Sport enables girls from different cultural backgrounds to collaborate towards a common goal – gaining self-confidence and breaking stereotypes. In the Kakuma Divas League, organized by UNHCR and Lutheran World Federation (LWF), 10 teams with girls from different ethnic, religious, and cultural backgrounds participate together.

S4D sessions offer an opportunity for girls to share issues and challenges they face in a safe and open environment. These discussions often provide better and practical solutions to their challenges.

Besides that, there are now many more opportunities in using sport with displaced women and girls in the region. This is due to an increased number of stakeholders that are keen to improve participation of women and girls in sports. A sports ground is planned within the women’s space of the Kalobeyei Settlement Public Space to increase participation of women and girls in sports activities.

Nevertheless, it is not easy for girls to participate in sport and S4D sessions. Often, participation in sports activities conflicts with cultural or religious beliefs. Reduced access to sports equipment and socio-economic opportunities, as well as harsh environmental conditions like high temperatures and unsafe playgrounds, make it harder for them to participate. To emphasise the importance of girls’ participation in sports trainings, our S4D programme in Kakuma targets 50% women and girls in the activities. Partners are advised to establish and implement a similar quota in their activities as well.

In addition, over 70 female coaches have been trained in S4D through GIZ’s activities. These coaches have learned the S4D methodology and also know how to deal with cultural and religious beliefs. S4D coaches like Habiba Ramadhan have held sessions with parents to discuss the benefits of sports and S4D to girls and encourage them to allow girls to participate. This includes an agreement with the parents on suitable sportswear for Muslim girls.

Part of the interventions is also to give the parents and guardians assurance that the girls would be safe whenever they participate in sports activities, which is guaranteed by the coaches. Besides that, youth centres and in schools in the Kakuma refugee camp provide equipment to both boys and girls. Furthermore, there are S4D clubs in schools, like at Morning Star Primary School, which has a diverse membership, including girls.

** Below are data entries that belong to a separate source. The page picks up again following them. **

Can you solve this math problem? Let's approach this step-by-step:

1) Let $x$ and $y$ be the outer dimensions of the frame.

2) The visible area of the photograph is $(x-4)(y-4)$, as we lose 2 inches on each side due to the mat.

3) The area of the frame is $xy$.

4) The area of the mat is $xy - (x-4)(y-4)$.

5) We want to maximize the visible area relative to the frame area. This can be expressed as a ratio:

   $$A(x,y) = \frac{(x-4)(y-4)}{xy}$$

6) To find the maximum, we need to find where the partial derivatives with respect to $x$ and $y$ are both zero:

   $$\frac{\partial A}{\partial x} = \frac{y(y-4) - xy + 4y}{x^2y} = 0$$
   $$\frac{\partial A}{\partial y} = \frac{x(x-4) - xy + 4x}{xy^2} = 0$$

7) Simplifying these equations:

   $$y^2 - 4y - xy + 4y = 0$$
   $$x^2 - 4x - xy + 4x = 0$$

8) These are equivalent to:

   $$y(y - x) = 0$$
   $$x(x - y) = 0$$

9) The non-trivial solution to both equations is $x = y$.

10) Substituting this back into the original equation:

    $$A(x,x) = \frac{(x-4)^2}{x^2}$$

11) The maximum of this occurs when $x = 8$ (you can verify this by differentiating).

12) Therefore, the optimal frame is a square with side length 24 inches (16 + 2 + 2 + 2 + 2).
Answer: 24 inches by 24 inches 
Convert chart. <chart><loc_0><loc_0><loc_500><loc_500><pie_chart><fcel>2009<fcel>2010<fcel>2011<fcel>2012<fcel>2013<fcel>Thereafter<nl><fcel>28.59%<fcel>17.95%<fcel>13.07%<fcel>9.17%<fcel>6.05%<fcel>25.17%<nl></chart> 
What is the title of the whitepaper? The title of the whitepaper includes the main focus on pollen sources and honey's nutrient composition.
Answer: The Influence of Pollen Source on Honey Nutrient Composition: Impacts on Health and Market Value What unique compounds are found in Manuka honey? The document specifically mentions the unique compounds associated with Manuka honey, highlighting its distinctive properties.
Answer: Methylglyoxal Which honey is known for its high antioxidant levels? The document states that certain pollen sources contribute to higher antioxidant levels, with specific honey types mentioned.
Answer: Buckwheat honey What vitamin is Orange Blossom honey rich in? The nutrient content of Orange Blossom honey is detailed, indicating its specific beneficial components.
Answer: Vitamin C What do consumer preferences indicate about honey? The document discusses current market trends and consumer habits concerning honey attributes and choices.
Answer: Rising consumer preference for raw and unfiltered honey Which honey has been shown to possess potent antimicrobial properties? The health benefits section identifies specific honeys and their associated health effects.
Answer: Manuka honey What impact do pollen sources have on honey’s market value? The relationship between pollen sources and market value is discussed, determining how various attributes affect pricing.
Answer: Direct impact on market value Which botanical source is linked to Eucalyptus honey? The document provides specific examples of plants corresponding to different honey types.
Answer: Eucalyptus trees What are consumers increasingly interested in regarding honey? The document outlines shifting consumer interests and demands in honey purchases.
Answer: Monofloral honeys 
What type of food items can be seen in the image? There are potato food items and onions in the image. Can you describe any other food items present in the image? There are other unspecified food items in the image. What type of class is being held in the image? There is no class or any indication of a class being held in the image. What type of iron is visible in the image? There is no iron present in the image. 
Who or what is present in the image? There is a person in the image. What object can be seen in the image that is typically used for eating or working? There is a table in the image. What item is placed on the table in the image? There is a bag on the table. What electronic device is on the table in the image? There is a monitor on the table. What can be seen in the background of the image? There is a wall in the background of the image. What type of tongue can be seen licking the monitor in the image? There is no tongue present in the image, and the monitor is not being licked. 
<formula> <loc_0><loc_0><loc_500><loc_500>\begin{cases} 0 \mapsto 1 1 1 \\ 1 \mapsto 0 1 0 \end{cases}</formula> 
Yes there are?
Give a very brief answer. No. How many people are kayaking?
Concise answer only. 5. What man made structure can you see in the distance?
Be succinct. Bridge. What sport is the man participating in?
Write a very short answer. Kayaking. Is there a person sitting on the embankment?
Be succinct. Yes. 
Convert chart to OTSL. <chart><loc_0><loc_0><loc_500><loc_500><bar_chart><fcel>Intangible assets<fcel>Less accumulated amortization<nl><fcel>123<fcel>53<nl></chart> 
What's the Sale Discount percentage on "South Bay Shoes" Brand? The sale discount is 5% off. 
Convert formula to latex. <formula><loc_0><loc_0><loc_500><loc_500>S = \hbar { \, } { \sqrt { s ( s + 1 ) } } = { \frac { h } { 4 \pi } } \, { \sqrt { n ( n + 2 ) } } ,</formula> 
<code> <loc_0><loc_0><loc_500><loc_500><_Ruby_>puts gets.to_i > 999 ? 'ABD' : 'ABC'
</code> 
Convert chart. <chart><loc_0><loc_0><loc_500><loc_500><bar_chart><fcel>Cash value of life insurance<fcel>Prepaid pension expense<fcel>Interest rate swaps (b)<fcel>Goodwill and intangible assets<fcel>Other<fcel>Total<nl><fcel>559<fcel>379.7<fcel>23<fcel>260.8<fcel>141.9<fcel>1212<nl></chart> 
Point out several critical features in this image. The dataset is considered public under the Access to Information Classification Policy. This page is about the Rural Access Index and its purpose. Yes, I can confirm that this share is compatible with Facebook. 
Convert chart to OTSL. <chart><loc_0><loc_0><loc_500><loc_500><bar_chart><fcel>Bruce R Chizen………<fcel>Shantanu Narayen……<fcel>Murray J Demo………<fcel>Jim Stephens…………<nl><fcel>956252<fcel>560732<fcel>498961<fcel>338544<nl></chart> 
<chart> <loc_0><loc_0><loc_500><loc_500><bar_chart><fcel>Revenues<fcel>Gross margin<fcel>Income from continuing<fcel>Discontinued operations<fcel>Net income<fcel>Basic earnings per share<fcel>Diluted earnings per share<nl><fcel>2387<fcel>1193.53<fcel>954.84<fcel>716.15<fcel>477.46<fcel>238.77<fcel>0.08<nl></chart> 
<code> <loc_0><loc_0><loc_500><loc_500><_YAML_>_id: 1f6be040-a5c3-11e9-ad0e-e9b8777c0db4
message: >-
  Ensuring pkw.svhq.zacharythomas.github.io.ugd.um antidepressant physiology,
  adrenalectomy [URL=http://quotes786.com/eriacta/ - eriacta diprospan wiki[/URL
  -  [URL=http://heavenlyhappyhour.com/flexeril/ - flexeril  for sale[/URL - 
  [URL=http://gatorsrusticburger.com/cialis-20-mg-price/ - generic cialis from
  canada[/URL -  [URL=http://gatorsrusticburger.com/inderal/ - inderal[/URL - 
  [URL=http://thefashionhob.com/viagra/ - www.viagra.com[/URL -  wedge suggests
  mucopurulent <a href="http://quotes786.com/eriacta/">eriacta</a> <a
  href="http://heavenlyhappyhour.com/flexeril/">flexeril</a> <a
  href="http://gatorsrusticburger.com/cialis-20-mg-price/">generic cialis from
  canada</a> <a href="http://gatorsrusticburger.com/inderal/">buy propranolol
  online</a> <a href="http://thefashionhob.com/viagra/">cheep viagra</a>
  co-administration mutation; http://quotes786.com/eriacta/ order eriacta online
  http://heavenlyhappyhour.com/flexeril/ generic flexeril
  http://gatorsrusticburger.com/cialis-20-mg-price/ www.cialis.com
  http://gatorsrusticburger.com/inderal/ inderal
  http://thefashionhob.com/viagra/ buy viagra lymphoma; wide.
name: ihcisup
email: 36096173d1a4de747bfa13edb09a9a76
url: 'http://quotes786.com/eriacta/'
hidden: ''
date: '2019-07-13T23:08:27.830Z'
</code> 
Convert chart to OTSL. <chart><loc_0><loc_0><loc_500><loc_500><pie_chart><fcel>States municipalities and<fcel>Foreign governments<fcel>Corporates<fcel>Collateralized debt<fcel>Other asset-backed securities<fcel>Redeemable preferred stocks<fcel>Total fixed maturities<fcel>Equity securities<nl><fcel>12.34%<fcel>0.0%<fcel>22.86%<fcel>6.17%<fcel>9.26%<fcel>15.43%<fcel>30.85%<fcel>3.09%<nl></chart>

The S4D measures follow a holistic approach, as it is essential to also include men and boys to tackle existing cultural and gender barriers. Specific awareness-raising campaigns such as the S4D trainings and sessions and media raise awareness among men and boys to break down barriers that prevent girls from participating in sport. The mixed-gender teams at our sporting events in Kakuma reduce prejudice against women and girls.

Through the S4D measures, girls and women are being encouraged to break down existing stereotypes and thus create more opportunities for their personal development.

­­­__________________________________________________________________

Frankline Olukohe is Kenyan and works for the GIZ Regional Project Sport for Development in Africa. He is based in Kakuma and works closely with partner organisations and target groups in S4D activities. Vanessa Maith is German and is completing her internship in the GIZ sector project Sport for Development and supports in areas of public relations and international partnerships.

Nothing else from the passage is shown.